SQL> select * from table(dbms_xplan.display_awr('b4k66afzzbbmw'));
Plan hash value: 452146253
----------------------------------------------------------------------------------------------------------------
| Id | Operation | Name | Rows | TQ |IN-OUT| PQ Distrib |
----------------------------------------------------------------------------------------------------------------
| 0 | MERGE STATEMENT | | | | | |
| 1 | PX COORDINATOR | | | | | |
| 2 | PX SEND QC (RANDOM) | :TQ10002 | 8M| Q1,02 | P->S | QC (RAND) |
| 3 | INDEX MAINTENANCE | DIMENSION | | Q1,02 | PCWP | |
| 4 | PX RECEIVE | | 8M| Q1,02 | PCWP | |
| 5 | PX SEND RANGE | :TQ10001 | 8M| Q1,01 | P->P | RANGE |
| 6 | MERGE | DIMENSION | | Q1,01 | PCWP | |
| 7 | PX RECEIVE | | 8M| Q1,01 | PCWP | |
| 8 | PX SEND HYBRID (ROWID PKEY) | :TQ10000 | 8M| Q1,00 | P->P | HYBRID (ROW|
| 9 | VIEW | | | Q1,00 | PCWP | |
| 10 | NESTED LOOPS OUTER | | 8M| Q1,00 | PCWP | |
| 11 | PX BLOCK ITERATOR | | | Q1,00 | PCWC | |
| 12 | TABLE ACCESS STORAGE FULL | STAGE | 8M| Q1,00 | PCWP | |
| 13 | TABLE ACCESS BY INDEX ROWID| DIMENSION | 1 | Q1,00 | PCWP | |
| 14 | INDEX UNIQUE SCAN | DIMENSION_PK | 1 | Q1,00 | PCWP | |
----------------------------------------------------------------------------------------------------------------
Output has been edited for brevity. As per the execution plan extracted from AWR it looks like DIMENSION
and STAGE
tables will be joined by using NESTED LOOP OUTER
and since STAGE
table is the driving table for each row in STAGE
table DIMENSION
table will be looked up for corresponding row using primary key index DIMENSION_PK
. By looking at the parallel operations in the execution plan it can be confirmed that both DML and SELECT were executed in parallel. Now let’s check how much time it has spent for each execution of this MERGE
, this can be found easily by seggregating the data for each sql_exec_id
which is unique id for each execution of the same sql. Since ASH information in AWR is sample of sample data having 1 out of 10 records we need to multiply the result by 10 to approximately find elapsed time of this MERGE
statement for each distinct execution.
SQL> select sql_id,sql_plan_hash_value,sql_exec_id,round((count(*) * 10)/60/60, 2) as Hours
from dba_hist_active_sess_history
where sql_id='b4k66afzzbbmw'
group by sql_id,sql_plan_hash_value,sql_exec_id
order by 4;
SQL_ID SQL_PLAN_HASH_VALUE SQL_EXEC_ID Hours
------------- ------------------- ----------- ----------
b4k66afzzbbmw 452146253 67108864 5.31
b4k66afzzbbmw 452146253 83886080 9.92
This MERGE
statement has indeed ran for more than 4 hours, so now let’s check for what purpose did MERGE
has consumed most of it’s elapsed time by seggregating the data at each operation of MERGE
execution plan for distinct sql_exec_id
on individual object.
SQL> l
1 select dash.sql_exec_id,dash.SQL_PLAN_OPERATION||' '||dash.SQL_PLAN_OPTIONS as Operation,dsp.OBJECT_NAME,count(*)

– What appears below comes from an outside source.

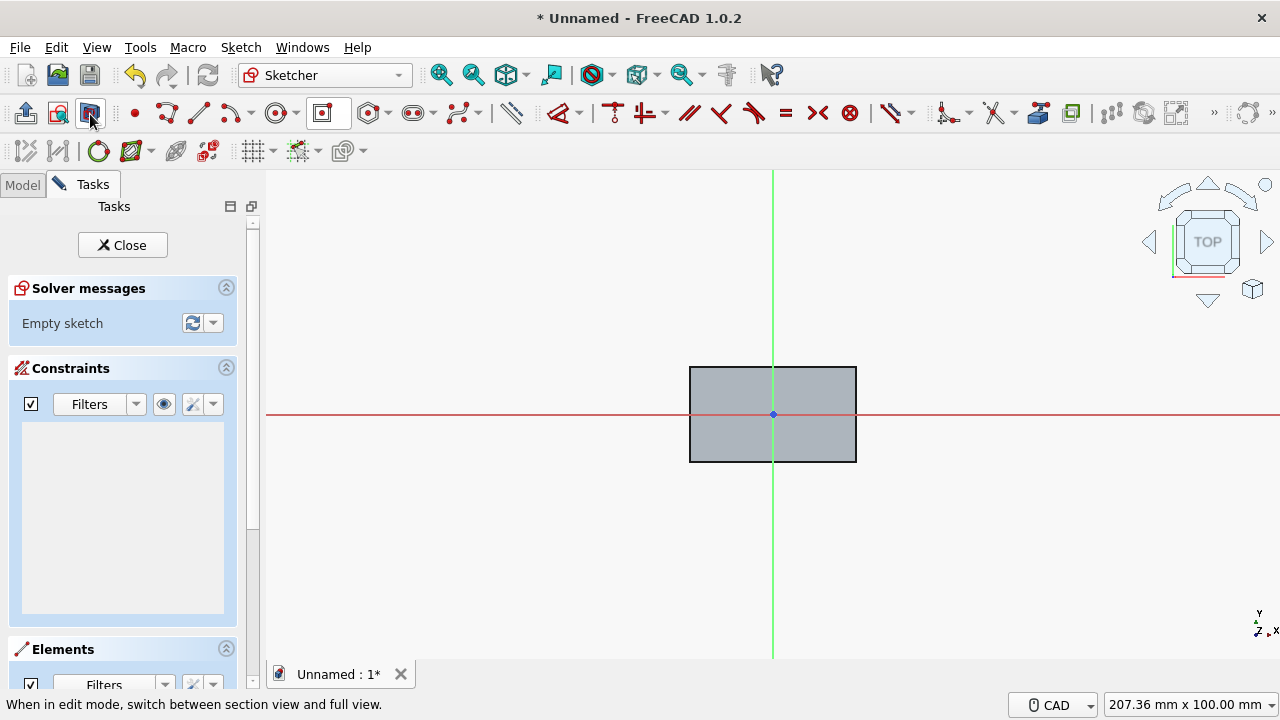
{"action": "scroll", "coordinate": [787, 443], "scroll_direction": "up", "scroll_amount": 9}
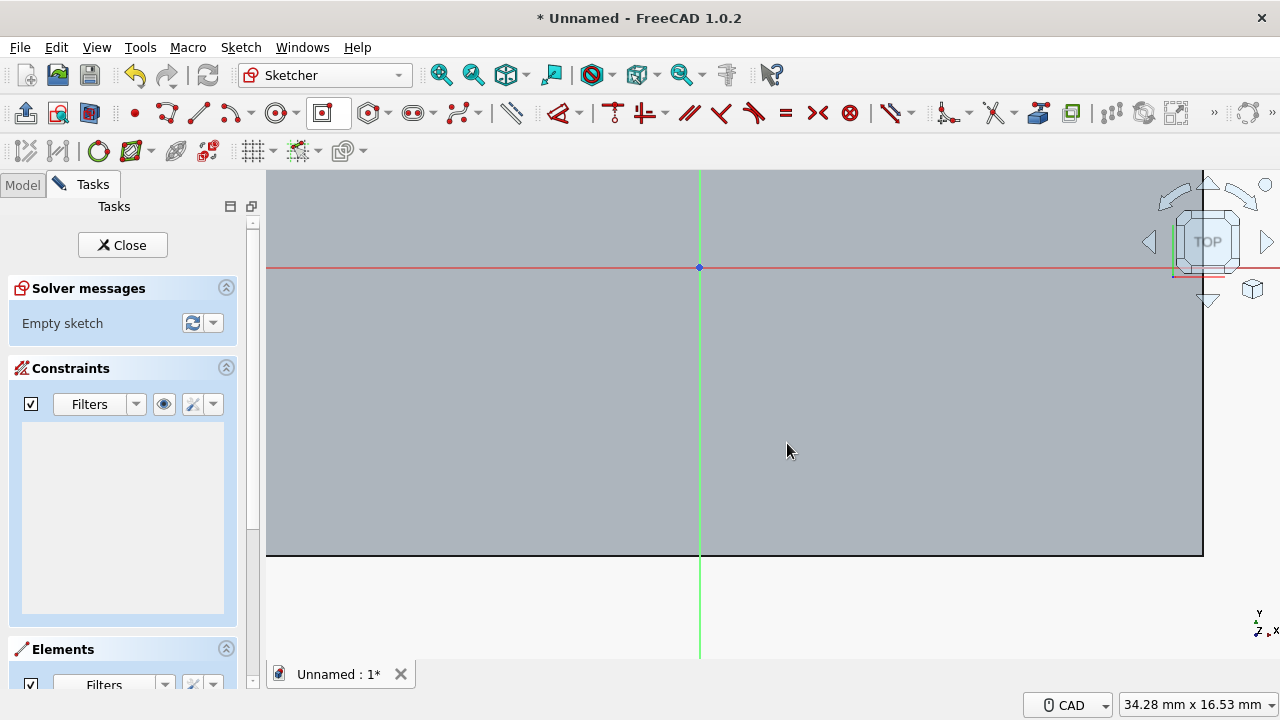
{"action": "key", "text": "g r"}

2 from dba_hist_active_sess_history dash, dba_hist_sql_plan dsp
3 where dash.sql_id='b4k66afzzbbmw'
4 and dash.SQL_PLAN_LINE_ID=dsp.id
5 and dash.sql_id=dsp.sql_id
6 and dash.sql_plan_hash_value=dsp.plan_hash_value
7* group by dash.sql_exec_id,dash.SQL_PLAN_OPERATION,dash.SQL_PLAN_OPTIONS,dsp.OBJECT_NAME order by dash.sql_exec_id,count(*)
SQL> /
SQL_EXEC_ID OPERATION OBJECT_NAME COUNT(*)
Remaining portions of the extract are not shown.